[Updated 4 December, 2009: 8 Tips for Managing LinkedIn Groups via Mashable.]
[Updated 24 October, 2009: The school mentioned below opened up their alumni Group commenting as planned, and participation is steady.]
This is another of the increasingly common posts around the general theme of "We no longer control the conversation." If you're tired of hearing that, you might want to move on...I found out recently that the alumni staff at a prominent U.S. university had disabled the Discussions tab in their official alumni group on LinkedIn. I exchanged e-mail with one of the school's alumni staff members about a different topic and took the opportunity to ask about this apparent oversight.
"Why did you turn off the alumni discussions?" To me, Discussions are the sole useful feature of most LinkedIn Groups. [Sample view shown above. Click to enlarge.]
She explained that when the service launched, the subject line on the daily digests sent to Group members indicated that the email was "from" the alumni association.

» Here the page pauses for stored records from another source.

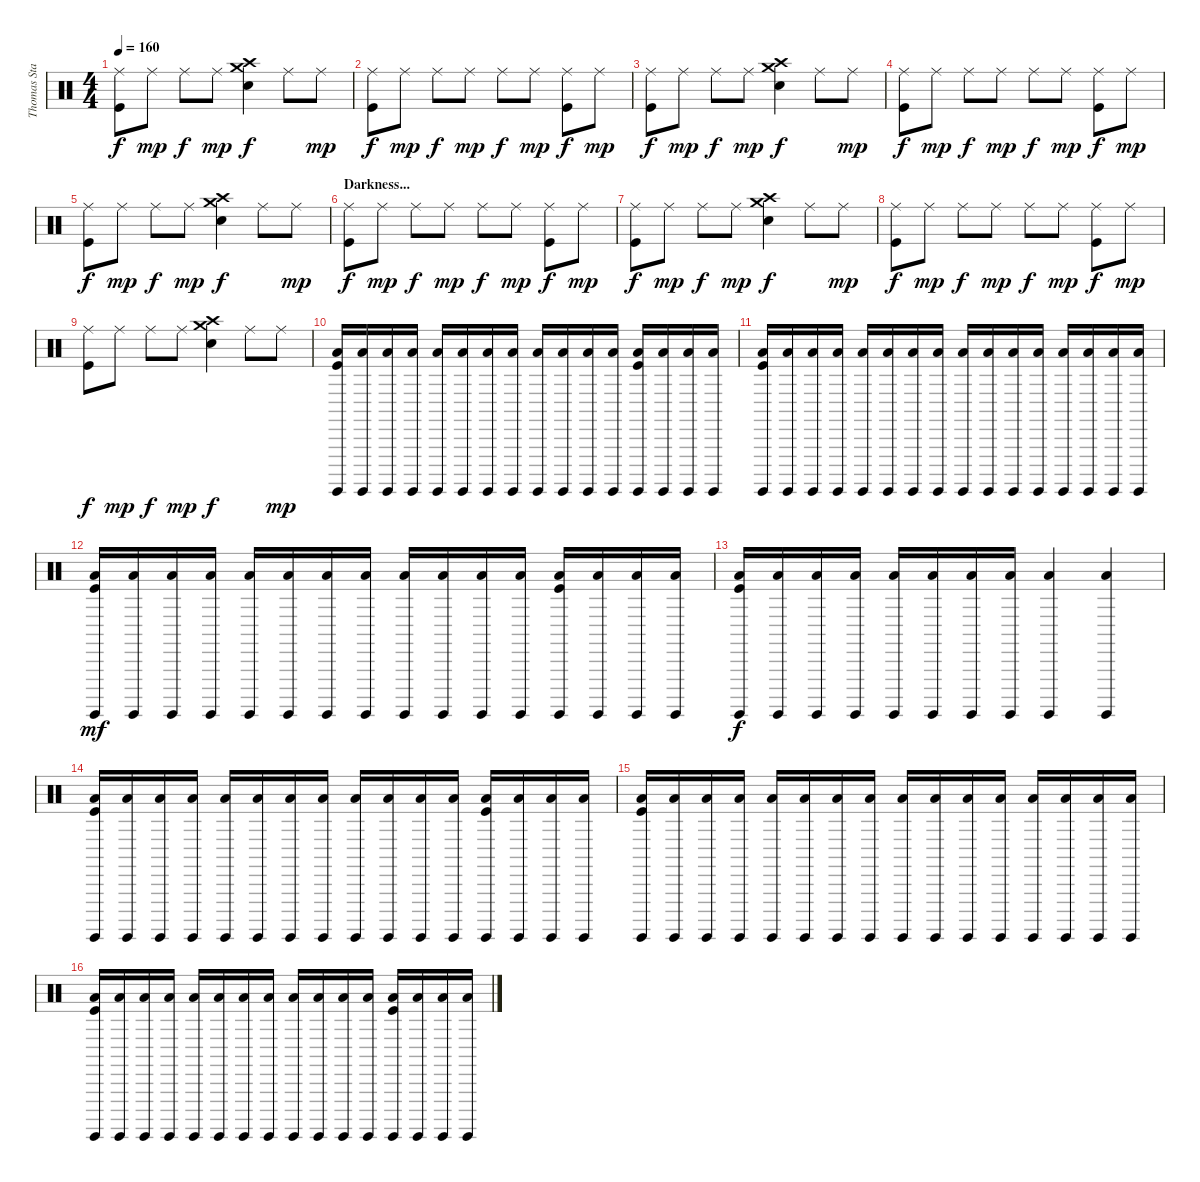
\track ("Thomas Stauch" "Thomas Sta") {instrument percussion}
\staff {score}
\articulation defaults
\ts (4 4)
\tempo 160
\clef neutral
\ks c
("Ride (middle)" "Kick (hit)").8{dy f} "Ride (middle)".8{dy mp} "Ride (middle)".8{dy f} "Ride (middle)".8{dy mp} ("Crash medium (hit)" "Crash high (hit)" "Electric Snare (hit)").4{dy f} "Ride (middle)".8 "Ride (middle)".8{dy mp} |
("Ride (middle)" "Kick (hit)").8{dy f} "Ride (middle)".8{dy mp} "Ride (middle)".8{dy f} "Ride (middle)".8{dy mp} "Ride (middle)".8{dy f} "Ride (middle)".8{dy mp} ("Ride (middle)" "Kick (hit)").8{dy f} "Ride (middle)".8{dy mp} |
("Ride (middle)" "Kick (hit)").8{dy f} "Ride (middle)".8{dy mp} "Ride (middle)".8{dy f} "Ride (middle)".8{dy mp} ("Crash medium (hit)" "Crash high (hit)" "Electric Snare (hit)").4{dy f} "Ride (middle)".8 "Ride (middle)".8{dy mp} |
("Ride (middle)" "Kick (hit)").8{dy f} "Ride (middle)".8{dy mp} "Ride (middle)".8{dy f} "Ride (middle)".8{dy mp} "Ride (middle)".8{dy f} "Ride (middle)".8{dy mp} ("Ride (middle)" "Kick (hit)").8{dy f} "Ride (middle)".8{dy mp} |
("Ride (middle)" "Kick (hit)").8{dy f} "Ride (middle)".8{dy mp} "Ride (middle)".8{dy f} "Ride (middle)".8{dy mp} ("Crash medium (hit)" "Crash high (hit)" "Electric Snare (hit)").4{dy f} "Ride (middle)".8 "Ride (middle)".8{dy mp} |
\section ("" "Darkness...")
("Ride (middle)" "Kick (hit)").8{dy f} "Ride (middle)".8{dy mp} "Ride (middle)".8{dy f} "Ride (middle)".8{dy mp} "Ride (middle)".8{dy f} "Ride (middle)".8{dy mp} ("Ride (middle)" "Kick (hit)").8{dy f} "Ride (middle)".8{dy mp} |
("Ride (middle)" "Kick (hit)").8{dy f} "Ride (middle)".8{dy mp} "Ride (middle)".8{dy f} "Ride (middle)".8{dy mp} ("Crash medium (hit)" "Crash high (hit)" "Electric Snare (hit)").4{dy f} "Ride (middle)".8 "Ride (middle)".8{dy mp} |
("Ride (middle)" "Kick (hit)").8{dy f} "Ride (middle)".8{dy mp} "Ride (middle)".8{dy f} "Ride (middle)".8{dy mp} "Ride (middle)".8{dy f} "Ride (middle)".8{dy mp} ("Ride (middle)" "Kick (hit)").8{dy f} "Ride (middle)".8{dy mp} |
("Ride (middle)" "Kick (hit)").8{dy f} "Ride (middle)".8{dy mp} "Ride (middle)".8{dy f} "Ride (middle)".8{dy mp} ("Crash medium (hit)" "Crash high (hit)" "Electric Snare (hit)").4{dy f} "Ride (middle)".8 "Ride (middle)".8{dy mp} |
("Surdo (hit)" "Low Floor Tom (hit)" "Kick (hit)").16 ("Surdo (hit)" "Low Floor Tom (hit)").16 ("Surdo (hit)" "Low Floor Tom (hit)").16 ("Surdo (hit)" "Low Floor Tom (hit)").16 ("Surdo (hit)" "Low Floor Tom (hit)").16 ("Surdo (hit)" "Low Floor Tom (hit)").16 ("Surdo (hit)" "Low Floor Tom (hit)").16 ("Surdo (hit)" "Low Floor Tom (hit)").16 ("Surdo (hit)" "Low Floor Tom (hit)").16 ("Surdo (hit)" "Low Floor Tom (hit)").16 ("Surdo (hit)" "Low Floor Tom (hit)").16 ("Surdo (hit)" "Low Floor Tom (hit)").16 ("Surdo (hit)" "Low Floor Tom (hit)" "Kick (hit)").16 ("Surdo (hit)" "Low Floor Tom (hit)").16 ("Surdo (hit)" "Low Floor Tom (hit)").16 ("Surdo (hit)" "Low Floor Tom (hit)").16 |
("Surdo (hit)" "Low Floor Tom (hit)" "Kick (hit)").16 ("Surdo (hit)" "Low Floor Tom (hit)").16 ("Surdo (hit)" "Low Floor Tom (hit)").16 ("Surdo (hit)" "Low Floor Tom (hit)").16 ("Surdo (hit)" "Low Floor Tom (hit)").16 ("Surdo (hit)" "Low Floor Tom (hit)").16 ("Surdo (hit)" "Low Floor Tom (hit)").16 ("Surdo (hit)" "Low Floor Tom (hit)").16 ("Surdo (hit)" "Low Floor Tom (hit)").16 ("Surdo (hit)" "Low Floor Tom (hit)").16 ("Surdo (hit)" "Low Floor Tom (hit)").16 ("Surdo (hit)" "Low Floor Tom (hit)").16 ("Surdo (hit)" "Low Floor Tom (hit)").16 ("Surdo (hit)" "Low Floor Tom (hit)").16 ("Surdo (hit)" "Low Floor Tom (hit)").16 ("Surdo (hit)" "Low Floor Tom (hit)").16 |
("Surdo (hit)" "Low Floor Tom (hit)" "Kick (hit)").16{dy mf} ("Surdo (hit)" "Low Floor Tom (hit)").16 ("Surdo (hit)" "Low Floor Tom (hit)").16 ("Surdo (hit)" "Low Floor Tom (hit)").16 ("Surdo (hit)" "Low Floor Tom (hit)").16 ("Surdo (hit)" "Low Floor Tom (hit)").16 ("Surdo (hit)" "Low Floor Tom (hit)").16 ("Surdo (hit)" "Low Floor Tom (hit)").16 ("Surdo (hit)" "Low Floor Tom (hit)").16 ("Surdo (hit)" "Low Floor Tom (hit)").16 ("Surdo (hit)" "Low Floor Tom (hit)").16 ("Surdo (hit)" "Low Floor Tom (hit)").16 ("Surdo (hit)" "Low Floor Tom (hit)" "Kick (hit)").16 ("Surdo (hit)" "Low Floor Tom (hit)").16 ("Surdo (hit)" "Low Floor Tom (hit)").16 ("Surdo (hit)" "Low Floor Tom (hit)").16 |
("Surdo (hit)" "Low Floor Tom (hit)" "Kick (hit)").16{dy f} ("Surdo (hit)" "Low Floor Tom (hit)").16 ("Surdo (hit)" "Low Floor Tom (hit)").16 ("Surdo (hit)" "Low Floor Tom (hit)").16 ("Surdo (hit)" "Low Floor Tom (hit)").16 ("Surdo (hit)" "Low Floor Tom (hit)").16 ("Surdo (hit)" "Low Floor Tom (hit)").16 ("Surdo (hit)" "Low Floor Tom (hit)").16 ("Surdo (hit)" "Low Floor Tom (hit)").4 ("Surdo (hit)" "Low Floor Tom (hit)").4 |
("Surdo (hit)" "Low Floor Tom (hit)" "Kick (hit)").16 ("Surdo (hit)" "Low Floor Tom (hit)").16 ("Surdo (hit)" "Low Floor Tom (hit)").16 ("Surdo (hit)" "Low Floor Tom (hit)").16 ("Surdo (hit)" "Low Floor Tom (hit)").16 ("Surdo (hit)" "Low Floor Tom (hit)").16 ("Surdo (hit)" "Low Floor Tom (hit)").16 ("Surdo (hit)" "Low Floor Tom (hit)").16 ("Surdo (hit)" "Low Floor Tom (hit)").16 ("Surdo (hit)" "Low Floor Tom (hit)").16 ("Surdo (hit)" "Low Floor Tom (hit)").16 ("Surdo (hit)" "Low Floor Tom (hit)").16 ("Surdo (hit)" "Low Floor Tom (hit)" "Kick (hit)").16 ("Surdo (hit)" "Low Floor Tom (hit)").16 ("Surdo (hit)" "Low Floor Tom (hit)").16 ("Surdo (hit)" "Low Floor Tom (hit)").16 |
("Surdo (hit)" "Low Floor Tom (hit)" "Kick (hit)").16 ("Surdo (hit)" "Low Floor Tom (hit)").16 ("Surdo (hit)" "Low Floor Tom (hit)").16 ("Surdo (hit)" "Low Floor Tom (hit)").16 ("Surdo (hit)" "Low Floor Tom (hit)").16 ("Surdo (hit)" "Low Floor Tom (hit)").16 ("Surdo (hit)" "Low Floor Tom (hit)").16 ("Surdo (hit)" "Low Floor Tom (hit)").16 ("Surdo (hit)" "Low Floor Tom (hit)").16 ("Surdo (hit)" "Low Floor Tom (hit)").16 ("Surdo (hit)" "Low Floor Tom (hit)").16 ("Surdo (hit)" "Low Floor Tom (hit)").16 ("Surdo (hit)" "Low Floor Tom (hit)").16 ("Surdo (hit)" "Low Floor Tom (hit)").16 ("Surdo (hit)" "Low Floor Tom (hit)").16 ("Surdo (hit)" "Low Floor Tom (hit)").16 |
("Surdo (hit)" "Low Floor Tom (hit)" "Kick (hit)").16 ("Surdo (hit)" "Low Floor Tom (hit)").16 ("Surdo (hit)" "Low Floor Tom (hit)").16 ("Surdo (hit)" "Low Floor Tom (hit)").16 ("Surdo (hit)" "Low Floor Tom (hit)").16 ("Surdo (hit)" "Low Floor Tom (hit)").16 ("Surdo (hit)" "Low Floor Tom (hit)").16 ("Surdo (hit)" "Low Floor Tom (hit)").16 ("Surdo (hit)" "Low Floor Tom (hit)").16 ("Surdo (hit)" "Low Floor Tom (hit)").16 ("Surdo (hit)" "Low Floor Tom (hit)").16 ("Surdo (hit)" "Low Floor Tom (hit)").16 ("Surdo (hit)" "Low Floor Tom (hit)" "Kick (hit)").16 ("Surdo (hit)" "Low Floor Tom (hit)").16 ("Surdo (hit)" "Low Floor Tom (hit)").16 ("Surdo (hit)" "Low Floor Tom (hit)").16

The VP was concerned (if I understood her explanation correctly) that alumni might think that comments posted by other alumni had actually come from the school, and that they represented some official institutional position, or that the alumni association endorsed the comments.
This concern is misguided for a few reasons, but here are five that came to mind immediately:
1) It places the Alumni Association's narrow interest above the alumni body's broad interest;
2) It doesn't give the alumni credit for understanding how these forums work, and indicates that the parent organization might not understand how they work;
3) It suggests that we can control conversations online (we can participate in discussions and sometimes even influence them, but we cannot control them);
4) It deprives alumni of one thing associations can uniquely provide via LinkedIn: a structured alumni-only forum for personal and professional interaction around topics of mutual interest – topics that matter to alumni (unlike most of the stuff we send out en masse);
5) The school mentioned above has alumni-created regional Groups on LinkedIn with the Discussion tab active, so the train has, as they say, left the station. Alumni can't tell (and don't care) whether the Group was created by alumni or the alumni office.
There are also active Yahoo! Groups for alumni of the same school, where discussion is the sole purpose and function of the service. Again, these are created and run by alumni, so there's a complete mismatch between the school's traditional, top-down control model and the organic bottom-up inclusive model used by the alumni the school wants to serve.
Bottom line, to me this is a good reminder to keep asking "How can we help alumni solve their problems and how can we serve their needs?"
Does your school have an official LinkedIn Group? Do you have Discussions disabled? If so, why?